The objective of this course is to learn basic concepts related to ensuring that systems behave as they are expected to. Ensuring that systems behave in a reliable, correct manner is crucial for safety-critical applications. For such applications, all possible operation scenarios must be considered, and bugs can prove to be very costly. Traditional testing can often overlook some unlikely behaviour that might prove disastrous later, and does not suffice to provide the kind of definitive guarantees that we require of such systems.
One way to get guarantees about safe operation is via the use of formal verification. In this course, we will study how to formally represent real-world systems using various abstract models like logic and automata, and how to express and verify properties that capture desirable system behaviour. In addition, since verification by hand is cumbersome and often error-prone, we will study tools that are often used to automate this process.
Topics we hope to cover in this course include various temporal logics, Hoare logic, SMT solving, and theorem proving.
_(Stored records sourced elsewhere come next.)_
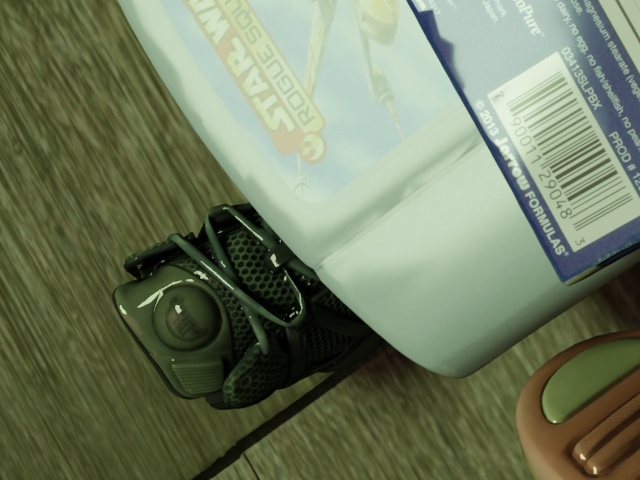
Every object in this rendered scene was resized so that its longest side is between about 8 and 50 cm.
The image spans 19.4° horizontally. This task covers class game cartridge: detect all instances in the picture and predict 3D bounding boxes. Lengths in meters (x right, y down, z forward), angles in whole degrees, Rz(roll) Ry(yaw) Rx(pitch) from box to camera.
[{"bbox_3d":[0.024,-0.110,0.665,0.198,0.062,0.297,-37,79,21],"label":"game cartridge"}]

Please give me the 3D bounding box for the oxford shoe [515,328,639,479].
[{"bbox_3d":[0.213,0.173,0.594,0.397,0.140,0.146,38,142,34],"label":"oxford shoe"}]

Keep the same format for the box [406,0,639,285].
[{"bbox_3d":[0.138,-0.098,0.560,0.225,0.036,0.136,-31,83,27],"label":"box"}]

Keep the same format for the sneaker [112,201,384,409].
[{"bbox_3d":[0.000,0.000,0.756,0.087,0.130,0.227,54,139,11],"label":"sneaker"}]
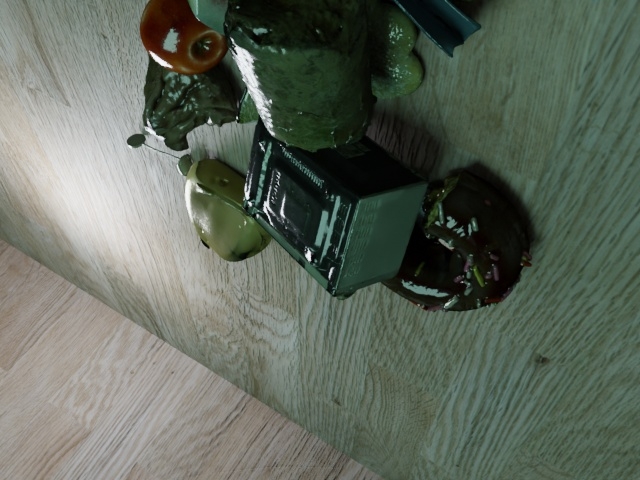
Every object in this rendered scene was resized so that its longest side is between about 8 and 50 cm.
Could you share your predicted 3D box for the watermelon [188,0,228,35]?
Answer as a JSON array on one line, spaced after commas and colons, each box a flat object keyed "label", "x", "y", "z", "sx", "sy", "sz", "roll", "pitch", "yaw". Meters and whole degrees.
[{"label": "watermelon", "x": -0.118, "y": -0.442, "z": 1.024, "sx": 0.232, "sy": 0.193, "sz": 0.310, "roll": 0, "pitch": 104, "yaw": 68}]

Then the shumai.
[{"label": "shumai", "x": -0.292, "y": -0.294, "z": 1.396, "sx": 0.184, "sy": 0.185, "sz": 0.218, "roll": 9, "pitch": 141, "yaw": 40}]

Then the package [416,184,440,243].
[{"label": "package", "x": 0.195, "y": -0.059, "z": 1.366, "sx": 0.171, "sy": 0.027, "sz": 0.173, "roll": 24, "pitch": 149, "yaw": 17}]

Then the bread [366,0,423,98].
[{"label": "bread", "x": 0.040, "y": -0.343, "z": 1.098, "sx": 0.286, "sy": 0.056, "sz": 0.207, "roll": 27, "pitch": 151, "yaw": 16}]

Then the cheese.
[{"label": "cheese", "x": -0.234, "y": -0.053, "z": 1.758, "sx": 0.259, "sy": 0.128, "sz": 0.316, "roll": 38, "pitch": 146, "yaw": 15}]

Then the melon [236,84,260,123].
[{"label": "melon", "x": -0.077, "y": -0.298, "z": 1.283, "sx": 0.139, "sy": 0.093, "sz": 0.202, "roll": 18, "pitch": 126, "yaw": -20}]

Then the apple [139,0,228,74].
[{"label": "apple", "x": -0.242, "y": -0.381, "z": 1.246, "sx": 0.139, "sy": 0.163, "sz": 0.163, "roll": 40, "pitch": 154, "yaw": 25}]

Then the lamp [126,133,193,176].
[{"label": "lamp", "x": -0.418, "y": -0.225, "z": 1.778, "sx": 0.198, "sy": 0.050, "sz": 0.056, "roll": 24, "pitch": 150, "yaw": 22}]

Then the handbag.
[{"label": "handbag", "x": 0.115, "y": -0.344, "z": 0.945, "sx": 0.221, "sy": 0.057, "sz": 0.144, "roll": 41, "pitch": -166, "yaw": -7}]

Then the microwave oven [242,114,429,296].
[{"label": "microwave oven", "x": 0.008, "y": -0.079, "z": 1.229, "sx": 0.295, "sy": 0.181, "sz": 0.237, "roll": 43, "pitch": 135, "yaw": 36}]

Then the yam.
[{"label": "yam", "x": -0.023, "y": -0.262, "z": 0.974, "sx": 0.195, "sy": 0.195, "sz": 0.300, "roll": 27, "pitch": 165, "yaw": 18}]

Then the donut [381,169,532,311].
[{"label": "donut", "x": 0.241, "y": 0.031, "z": 1.301, "sx": 0.259, "sy": 0.136, "sz": 0.345, "roll": 42, "pitch": 146, "yaw": -13}]

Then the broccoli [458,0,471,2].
[{"label": "broccoli", "x": 0.185, "y": -0.351, "z": 0.890, "sx": 0.092, "sy": 0.097, "sz": 0.095, "roll": 7, "pitch": 136, "yaw": -23}]

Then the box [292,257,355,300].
[{"label": "box", "x": 0.000, "y": 0.000, "z": 1.541, "sx": 0.178, "sy": 0.138, "sz": 0.274, "roll": 32, "pitch": 163, "yaw": 31}]
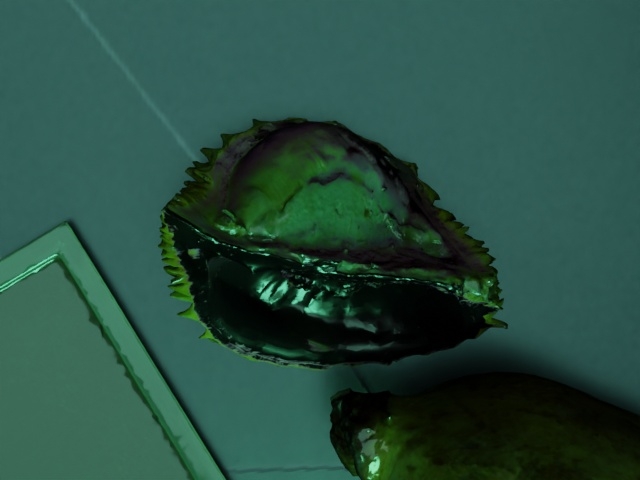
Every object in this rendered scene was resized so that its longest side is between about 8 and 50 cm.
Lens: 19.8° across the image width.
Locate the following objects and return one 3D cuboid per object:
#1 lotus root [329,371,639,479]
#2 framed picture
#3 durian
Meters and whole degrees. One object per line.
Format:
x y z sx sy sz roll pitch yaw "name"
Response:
0.121 0.138 0.908 0.260 0.145 0.128 26 102 -6 "lotus root"
-0.151 0.145 0.967 0.197 0.014 0.252 -31 94 0 "framed picture"
0.000 -0.004 0.936 0.187 0.119 0.108 11 55 -13 "durian"

The course involves concepts from logic, automata theory, algorithms, proof theory, and programming languages. Understanding the material will, therefore, require some mathematical acumen -- students should, at the very least, be able to write and understand rigorous formal proofs, especially those involving induction. Students will also be required to be conversant with basic concepts of propositional/predicate logic, syntax/semantics, automata, and algorithms. A very basic idea of complexity theory is also necessary; notions like reductions, (un-)decidability, and NP-completeness should not seem unfamiliar. You should have taken both of the following courses (or equivalents thereof):
Audit policy: B- or above, with at least 80% in the first quiz.
Pass criterion for credit: 40% or above, with at least 80% in the first quiz.